May 2, 2011

Life on the Couch: So, this thing happened yesterday...

...and I've had no idea how I'm supposed to feel about it.

I watched along with millions of people around the world as my President announced that the American military, on his command, had killed a man who had spent the last decade being a modern-day boogeyman... and I was frightened. I listened to reporters and correspondents discuss the end of the war on terror... and I was skeptical. I watched footage of a crowd outside the White House singing and chanting and celebrating this boogeyman's death... and I was disturbed. I read statements from my own friends who were fiercely joyful at the news that a man had been killed... and I worried. I heard congratulations being offered by people I admired to other people I admired... and I squirmed.

I also wondered... why he was killed. Why he wasn't captured, and tried. I wondered what happened in that mansion in Pakistan that led to more death.

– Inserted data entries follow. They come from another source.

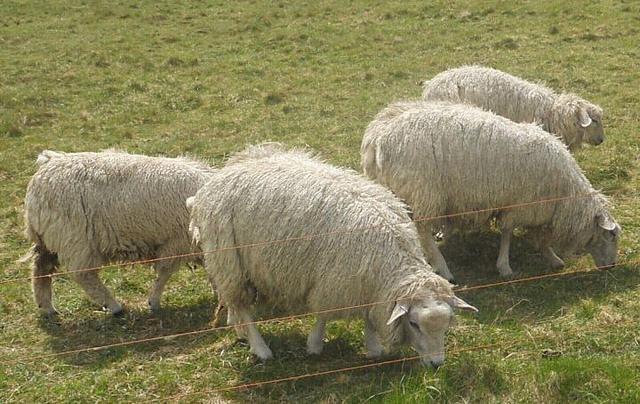How many sheep?
Give a very brief answer. 4. How many sheep are visible?
Give a very brief answer. 4. 
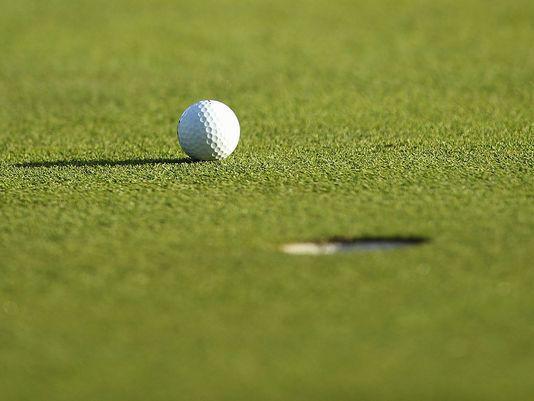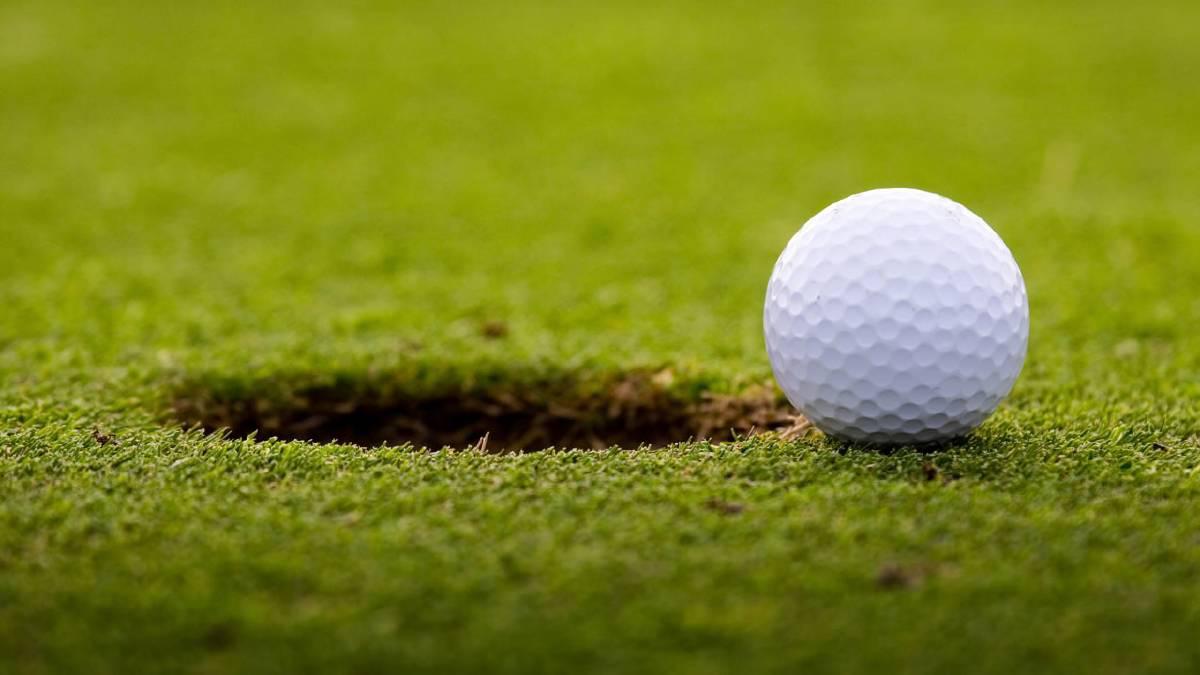The first image is the image on the left, the second image is the image on the right. For the images displayed, is the sentence "At least one image includes a ball on a golf tee." factually correct? Answer yes or no. No. The first image is the image on the left, the second image is the image on the right. For the images shown, is this caption "There are two balls near the hole in one of the images." true? Answer yes or no. No. 
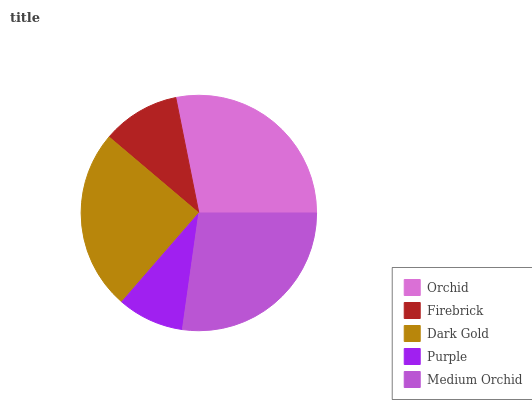Is Purple the minimum?
Answer yes or no. Yes. Is Orchid the maximum?
Answer yes or no. Yes. Is Firebrick the minimum?
Answer yes or no. No. Is Firebrick the maximum?
Answer yes or no. No. Is Orchid greater than Firebrick?
Answer yes or no. Yes. Is Firebrick less than Orchid?
Answer yes or no. Yes. Is Firebrick greater than Orchid?
Answer yes or no. No. Is Orchid less than Firebrick?
Answer yes or no. No. Is Dark Gold the high median?
Answer yes or no. Yes. Is Dark Gold the low median?
Answer yes or no. Yes. Is Firebrick the high median?
Answer yes or no. No. Is Purple the low median?
Answer yes or no. No. 
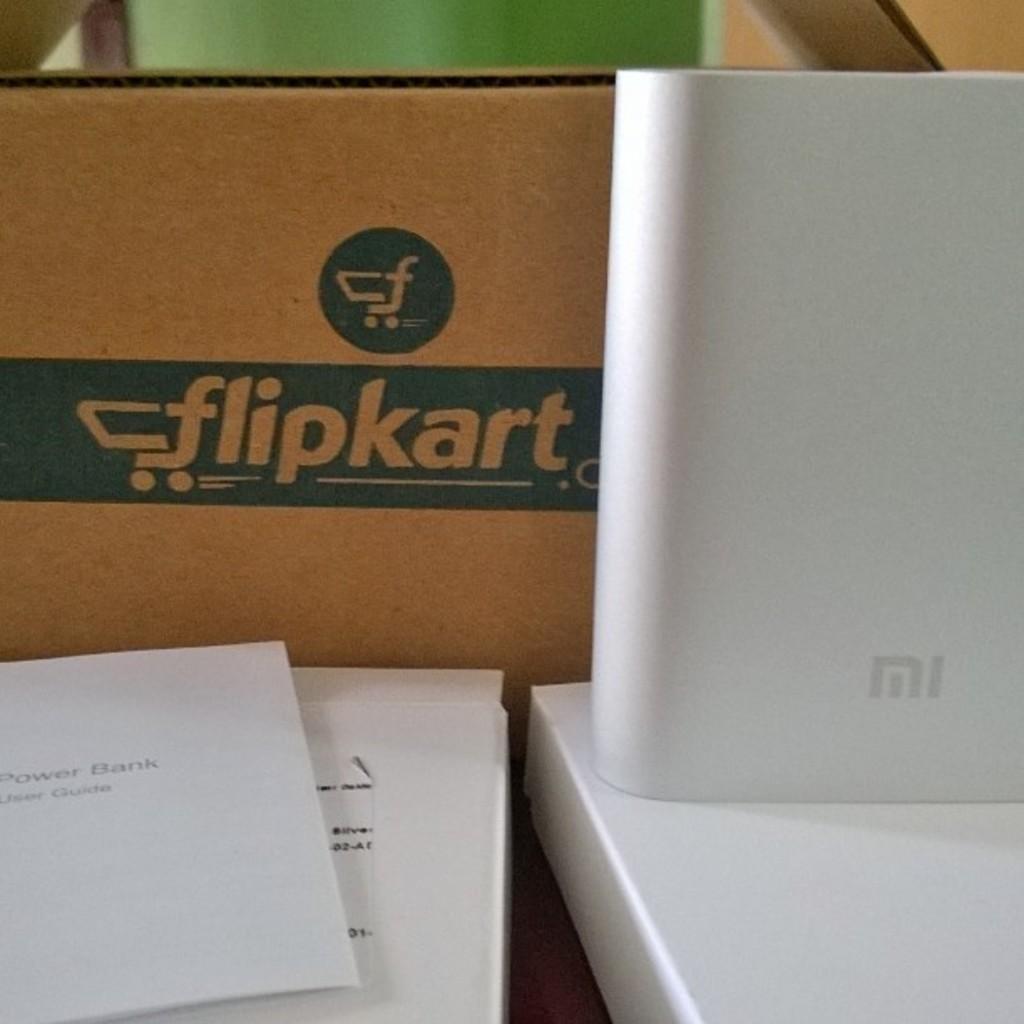Please provide a concise description of this image. In this image there are boxes, flipkart cardboard box and an MI power bank. 
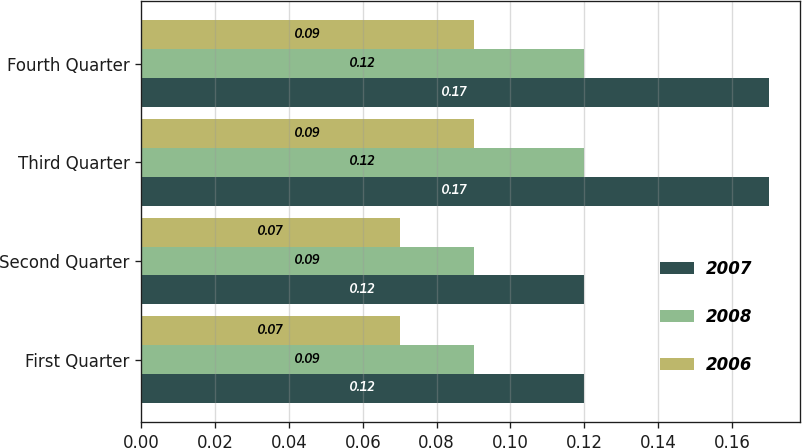<chart> <loc_0><loc_0><loc_500><loc_500><stacked_bar_chart><ecel><fcel>First Quarter<fcel>Second Quarter<fcel>Third Quarter<fcel>Fourth Quarter<nl><fcel>2007<fcel>0.12<fcel>0.12<fcel>0.17<fcel>0.17<nl><fcel>2008<fcel>0.09<fcel>0.09<fcel>0.12<fcel>0.12<nl><fcel>2006<fcel>0.07<fcel>0.07<fcel>0.09<fcel>0.09<nl></chart> 
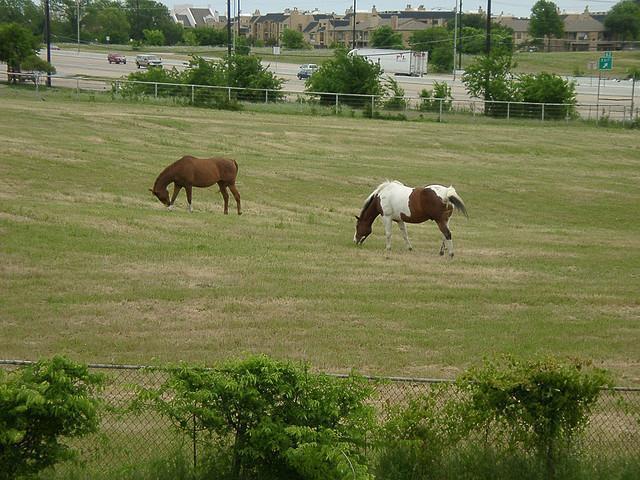How many horses are there?
Give a very brief answer. 2. How many people are sitting down?
Give a very brief answer. 0. 
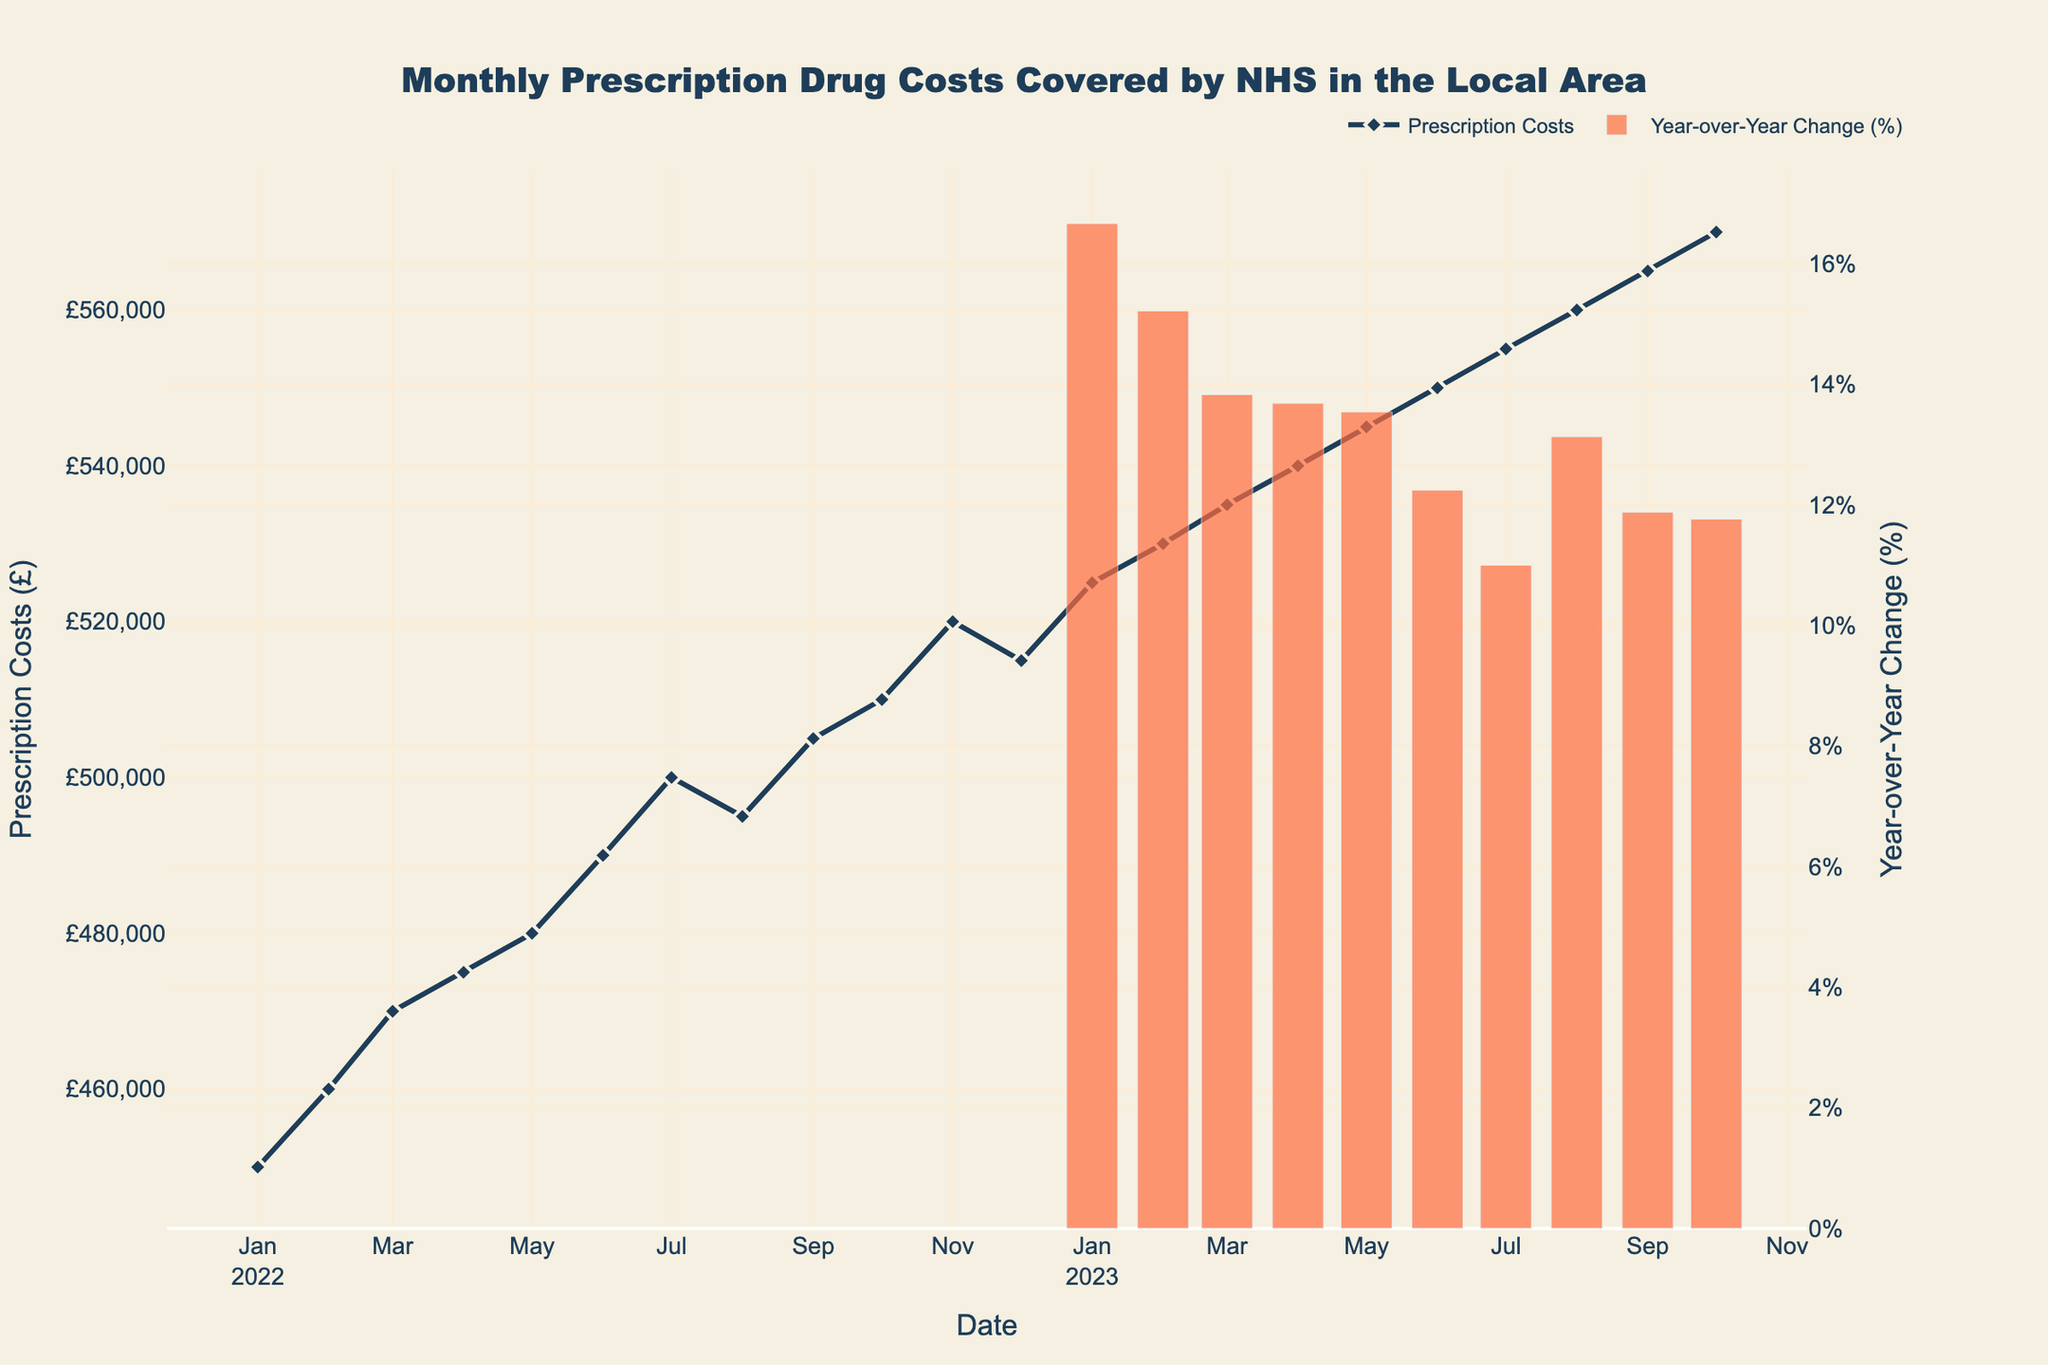What's the title of the figure? The title is provided at the top of the plot and is visually prominent.
Answer: Monthly Prescription Drug Costs Covered by NHS in the Local Area What is the y-axis title for the primary y-axis? The primary y-axis is labeled on the left side of the plot and represents the prescription costs in pounds.
Answer: Prescription Costs (£) What is the y-axis title for the secondary y-axis? The secondary y-axis is labeled on the right side of the plot and represents the year-over-year change as a percentage.
Answer: Year-over-Year Change (%) What pattern do you observe in the prescription costs from January 2022 to October 2023? By visually following the plotted line, we observe that the prescription costs have generally increased over the period from January 2022 to October 2023.
Answer: Increasing In which month did the prescription costs reach their highest value? By identifying the peak point on the primary y-axis, we see that the highest value is in October 2023.
Answer: October 2023 What was the prescription cost in July 2022? Locate July 2022 on the x-axis and then follow the point to the primary y-axis.
Answer: £500,000 How did the prescription costs in February 2023 compare to February 2022? Locate both points on the x-axis (February 2022 and February 2023) and compare their positions on the primary y-axis. February 2023 is higher.
Answer: February 2023 is higher Calculate the average prescription costs for the year 2022. Sum the monthly prescription costs for 2022 and divide by 12: (450000 + 460000 + 470000 + 475000 + 480000 + 490000 + 500000 + 495000 + 505000 + 510000 + 520000 + 515000) / 12.
Answer: £488,750 What is the trend in the year-over-year change (%)? By following the bars plotted on the secondary y-axis, we notice that the year-over-year change in costs has generally been positive and increasing.
Answer: Increasing positive trend During which month did we see the highest year-over-year change? Identify the tallest bar on the secondary y-axis to find the month with the highest year-over-year change.
Answer: October 2023

I've been thinking about 9/11 today, remembering the horror and the devastation and the fear and the mourning. I've tried to make those feelings fit with the feelings I've had about the death of Osama Bin Laden. I can't make them fit. I think about all the people who lost someone they loved as the result of orders and plans made by the man who was killed on the orders and plans of the American military and Barack Obama. I don't want to begrudge these victims the feeling of closure this might give them, the small amount of peace they may get from knowing this man is dead.

But it feels so wrong.

Here's what doesn't make sense. In his address to the nation (to the world), Obama said that justice had been served with the death of Bin Laden. But what happened last night wasn't justice. It was vengeance.

Justice would have been his capture and trail... even if the end result was the same. I am not a military strategist, or a politician, or an expert on foreign policy. I'm not a Democrat or a Republican, an atheist or a believer. There are a lot of situations where I don't like to take a stand one way or the other because I just don't know enough about it to do so. But sometimes I have to trust my gut. And my gut is telling me that it's not right to celebrate Osama Bin Laden's death. I could ramble on and on about why, but Martin Luther King Jr. said it better than I ever could:

“I will mourn the loss of thousands of precious lives, but I will not rejoice in the death of one, not even an enemy. Returning hate for hate multiplies hate, adding deeper darkness to a night already devoid of stars. Darkness cannot drive out darkness: only light can do that. Hate cannot drive out hate, only love can do that.”